───── The data ─────
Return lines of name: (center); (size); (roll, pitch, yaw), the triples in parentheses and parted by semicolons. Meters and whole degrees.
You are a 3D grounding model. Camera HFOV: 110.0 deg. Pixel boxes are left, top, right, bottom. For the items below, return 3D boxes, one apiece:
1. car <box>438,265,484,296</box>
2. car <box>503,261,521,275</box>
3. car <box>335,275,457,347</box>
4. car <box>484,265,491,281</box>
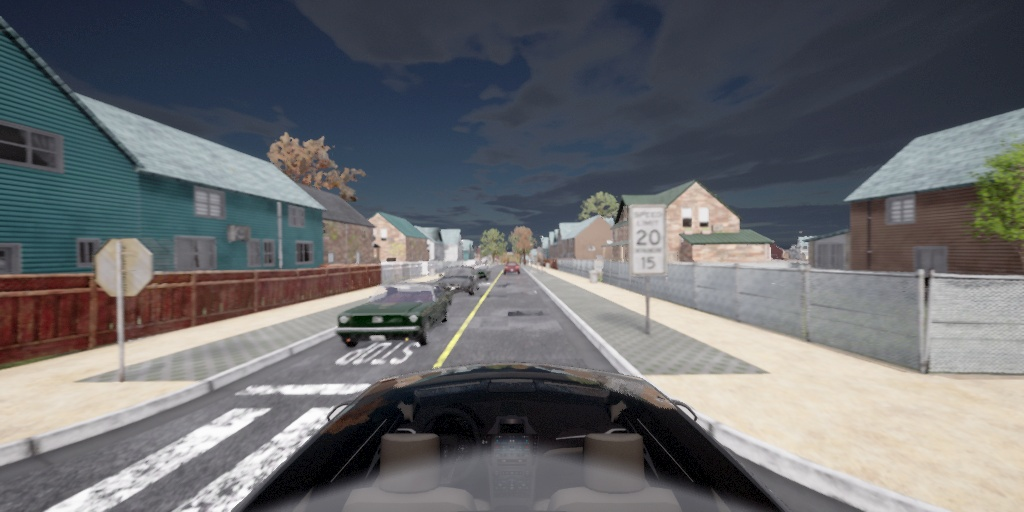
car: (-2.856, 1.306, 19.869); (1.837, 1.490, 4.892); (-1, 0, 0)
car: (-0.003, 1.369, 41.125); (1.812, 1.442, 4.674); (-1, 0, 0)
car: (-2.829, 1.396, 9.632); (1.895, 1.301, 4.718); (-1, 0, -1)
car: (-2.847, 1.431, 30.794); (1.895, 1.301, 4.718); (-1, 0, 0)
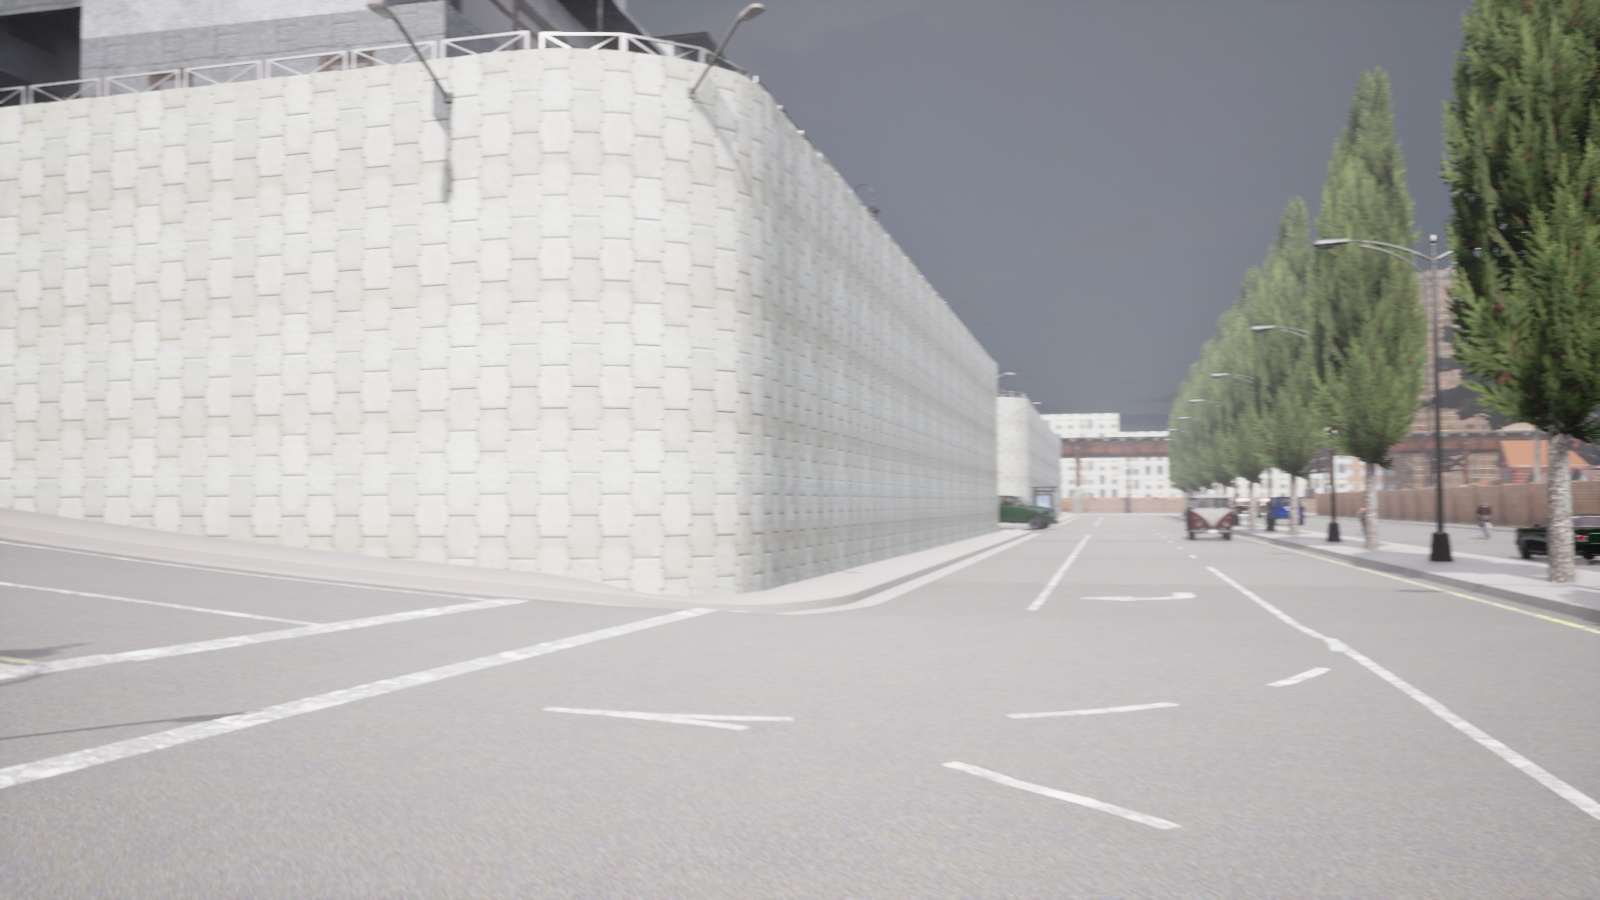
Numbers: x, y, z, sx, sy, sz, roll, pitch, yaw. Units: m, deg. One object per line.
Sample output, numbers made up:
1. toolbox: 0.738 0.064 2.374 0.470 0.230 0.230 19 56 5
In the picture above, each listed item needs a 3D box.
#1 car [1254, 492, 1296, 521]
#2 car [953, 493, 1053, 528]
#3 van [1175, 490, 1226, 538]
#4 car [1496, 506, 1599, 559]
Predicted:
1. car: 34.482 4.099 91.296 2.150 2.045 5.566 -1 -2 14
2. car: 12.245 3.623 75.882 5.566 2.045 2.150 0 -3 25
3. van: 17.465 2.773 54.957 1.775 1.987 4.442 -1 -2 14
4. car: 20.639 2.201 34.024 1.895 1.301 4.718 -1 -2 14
─────
───── The data ─────
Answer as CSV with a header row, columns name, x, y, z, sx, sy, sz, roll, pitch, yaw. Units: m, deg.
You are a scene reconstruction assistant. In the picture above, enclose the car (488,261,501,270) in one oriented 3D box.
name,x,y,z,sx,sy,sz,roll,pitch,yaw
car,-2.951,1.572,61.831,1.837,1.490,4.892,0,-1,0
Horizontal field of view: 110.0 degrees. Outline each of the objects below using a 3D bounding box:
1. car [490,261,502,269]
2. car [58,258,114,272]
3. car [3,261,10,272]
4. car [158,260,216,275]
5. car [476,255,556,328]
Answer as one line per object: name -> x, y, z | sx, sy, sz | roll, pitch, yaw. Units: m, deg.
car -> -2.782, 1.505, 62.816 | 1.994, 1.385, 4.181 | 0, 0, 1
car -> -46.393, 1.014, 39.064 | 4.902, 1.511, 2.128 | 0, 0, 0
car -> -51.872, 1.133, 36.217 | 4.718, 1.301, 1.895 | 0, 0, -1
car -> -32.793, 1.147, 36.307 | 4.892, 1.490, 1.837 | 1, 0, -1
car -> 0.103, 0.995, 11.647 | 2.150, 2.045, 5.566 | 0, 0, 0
─────
### [What to produce]
Your answer should be the exact lines above from the one containing "1. car <box>438,265,484,296</box>" through the one containing "#2 car [953, 493, 1053, 528]", with both end lines kept and the pictures removed, please.

### [Exercise answer]
1. car <box>438,265,484,296</box>
2. car <box>503,261,521,275</box>
3. car <box>335,275,457,347</box>
4. car <box>484,265,491,281</box>
car: (-2.856, 1.306, 19.869); (1.837, 1.490, 4.892); (-1, 0, 0)
car: (-0.003, 1.369, 41.125); (1.812, 1.442, 4.674); (-1, 0, 0)
car: (-2.829, 1.396, 9.632); (1.895, 1.301, 4.718); (-1, 0, -1)
car: (-2.847, 1.431, 30.794); (1.895, 1.301, 4.718); (-1, 0, 0)
Numbers: x, y, z, sx, sy, sz, roll, pitch, yaw. Units: m, deg. One object per line.
Sample output, numbers made up:
1. toolbox: 0.738 0.064 2.374 0.470 0.230 0.230 19 56 5
In the picture above, each listed item needs a 3D box.
#1 car [1254, 492, 1296, 521]
#2 car [953, 493, 1053, 528]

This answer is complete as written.